I've not seen any issues with this bot and I keep a diligent watch.

w3bmastine

10:49 am on Feb 4, 2016 (gmt 0)

10+ Year Member



@keyplyr Applebot does react to User-agent: * where Googlebot is mentioned.

keyplyr

11:03 am on Feb 4, 2016 (gmt 0)

WebmasterWorld Senior Member 10+ Year Member Top Contributors Of The Month



Some bots implement robots.txt differently. Yes robots.txt is a web standard, but how it is implemented is up to a very wide interpretation sadly.
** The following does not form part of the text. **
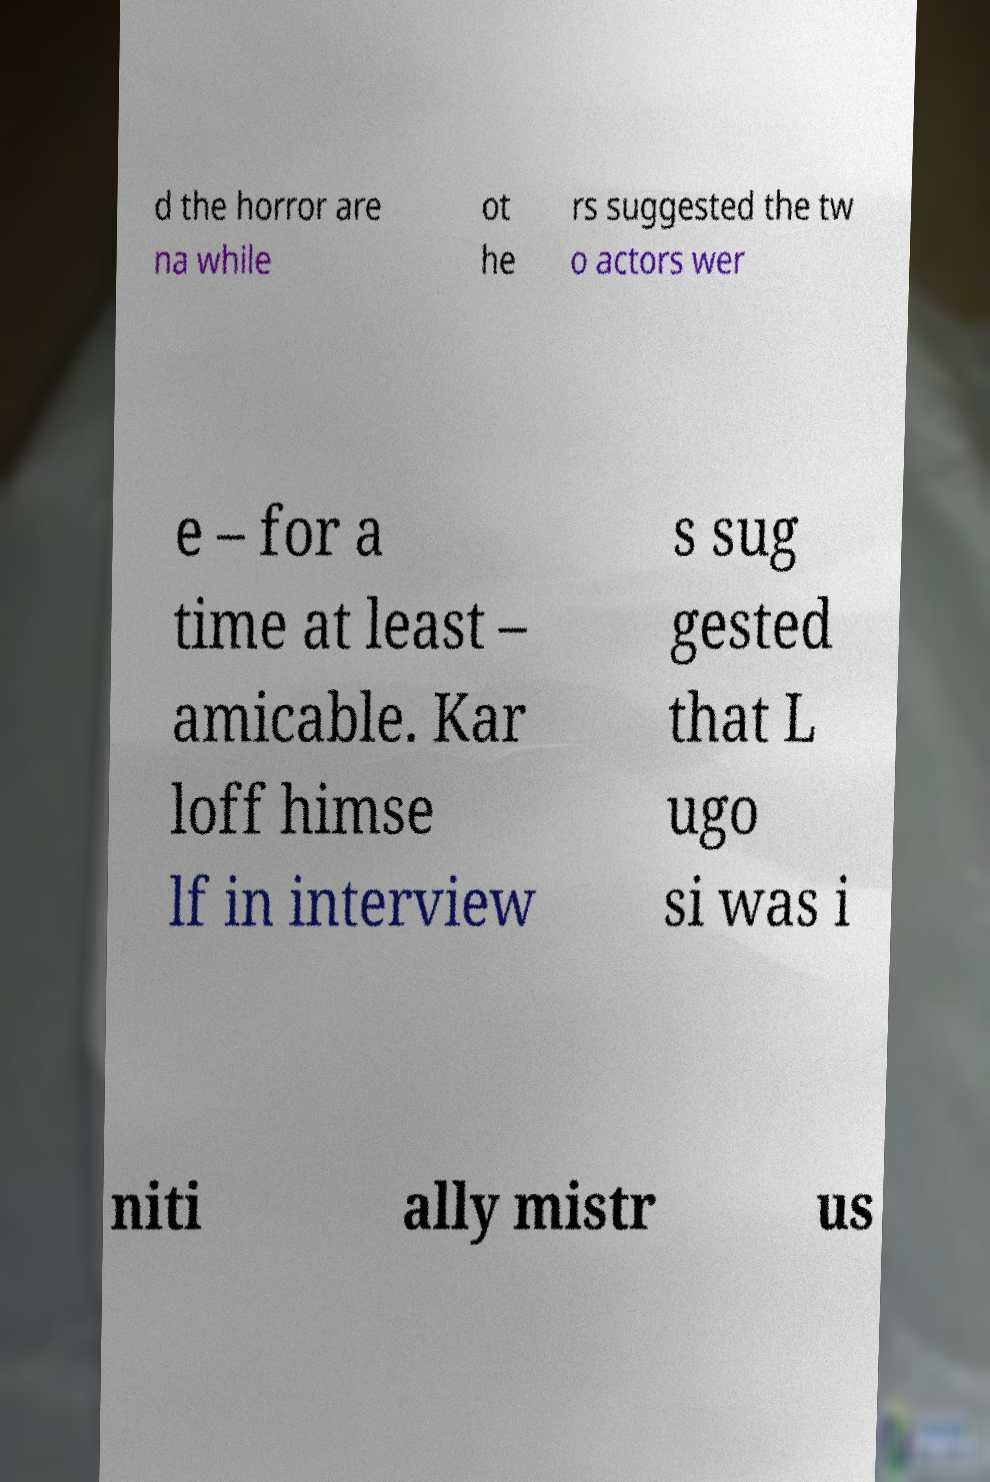What messages or text are displayed in this image? I need them in a readable, typed format. d the horror are na while ot he rs suggested the tw o actors wer e – for a time at least – amicable. Kar loff himse lf in interview s sug gested that L ugo si was i niti ally mistr us 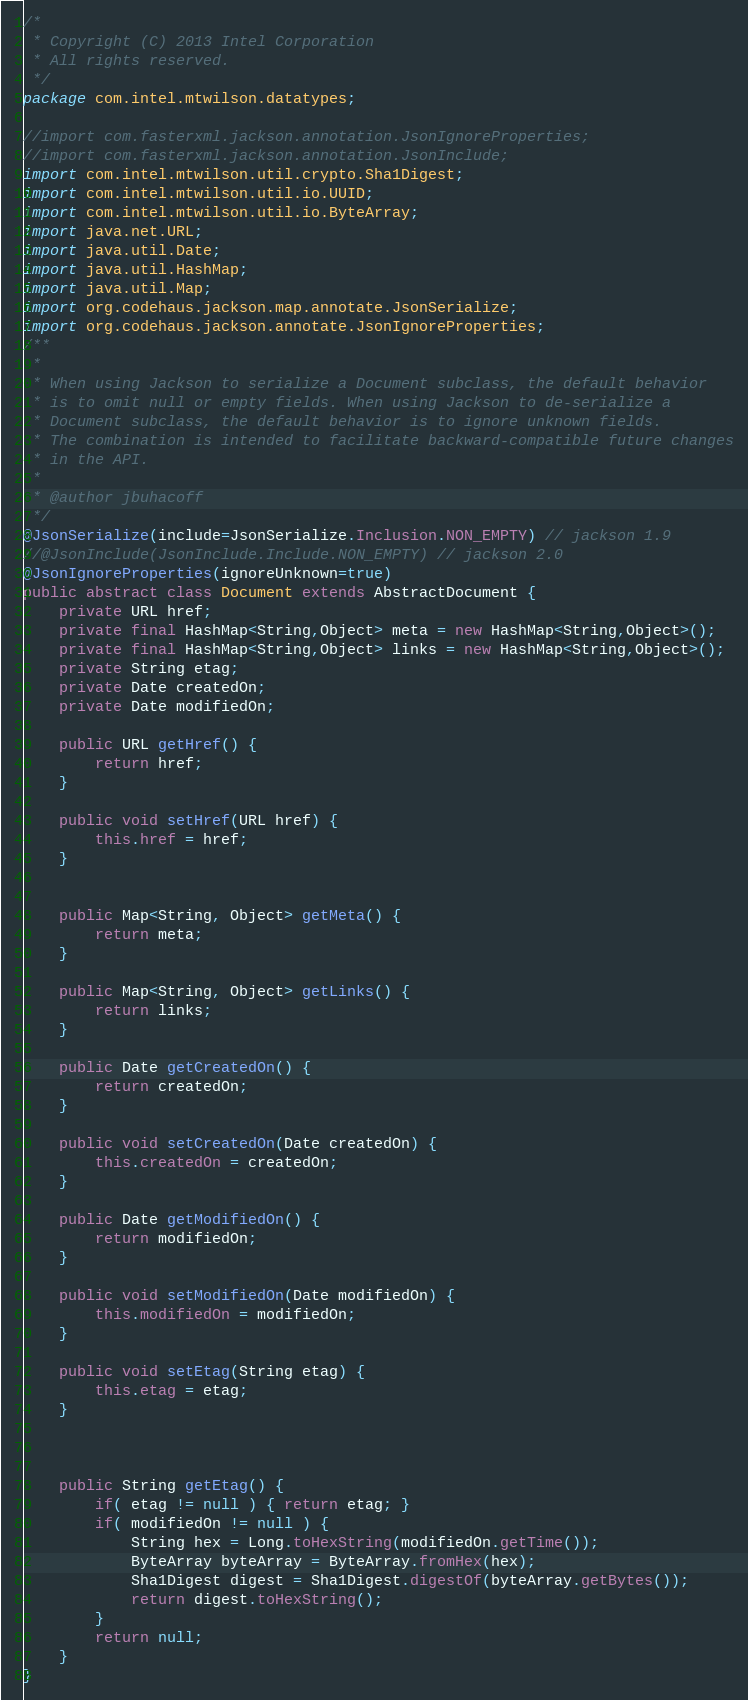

I use wild cards. Google, Yandex & DuckDuck read & obey them just fine. Bing does not. Go figure.

w3bmastine

7:02 pm on Feb 4, 2016 (gmt 0)

10+ Year Member



Bing does not respect the wildcard? Wow, that's weak.
At least Bing does not follow Googlebot instructions if instructions don't explicitly mention Bing... one plus over Applebot.

jtbell

8:55 pm on Feb 7, 2016 (gmt 0)

10+ Year Member



On my site at least, applebot doesn't seem to recognize the 'base href' tag. For example, on a page http://www.example.com/foo/bar/ I have

<base href="http://www.example.com/foo/">

and internal links like

<a href="baz/">

which is supposed to refer to http://www.example.com/foo/baz/ but Applebot tries to crawl http://www.example.com/foo/bar/baz/ instead. I had a whole slew of these yesterday.

keyplyr

10:57 pm on Feb 7, 2016 (gmt 0)

WebmasterWorld Senior Member 10+ Year Member Top Contributors Of The Month



applebot doesn't seem to recognize the 'base href' tag.
A lot of agents don't support base href.

lucy24

11:07 pm on Feb 7, 2016 (gmt 0)

WebmasterWorld Senior Member 10+ Year Member Top Contributors Of The Month



I have

<base href="http://www.example.com/foo/">

and internal links like

<a href="baz/">
You may as well play it safe and use site-absolute links beginning in / (slash) or in this case /foo/. Then the robot will have no excuse for misunderstanding. Some robots still will get it wrong-- I've seen them-- but this will be due purely to the robot's own gratuitous stupidity. Save the relative links for URLs that you know will always be in the same directory, even if the whole directory packs up and moves.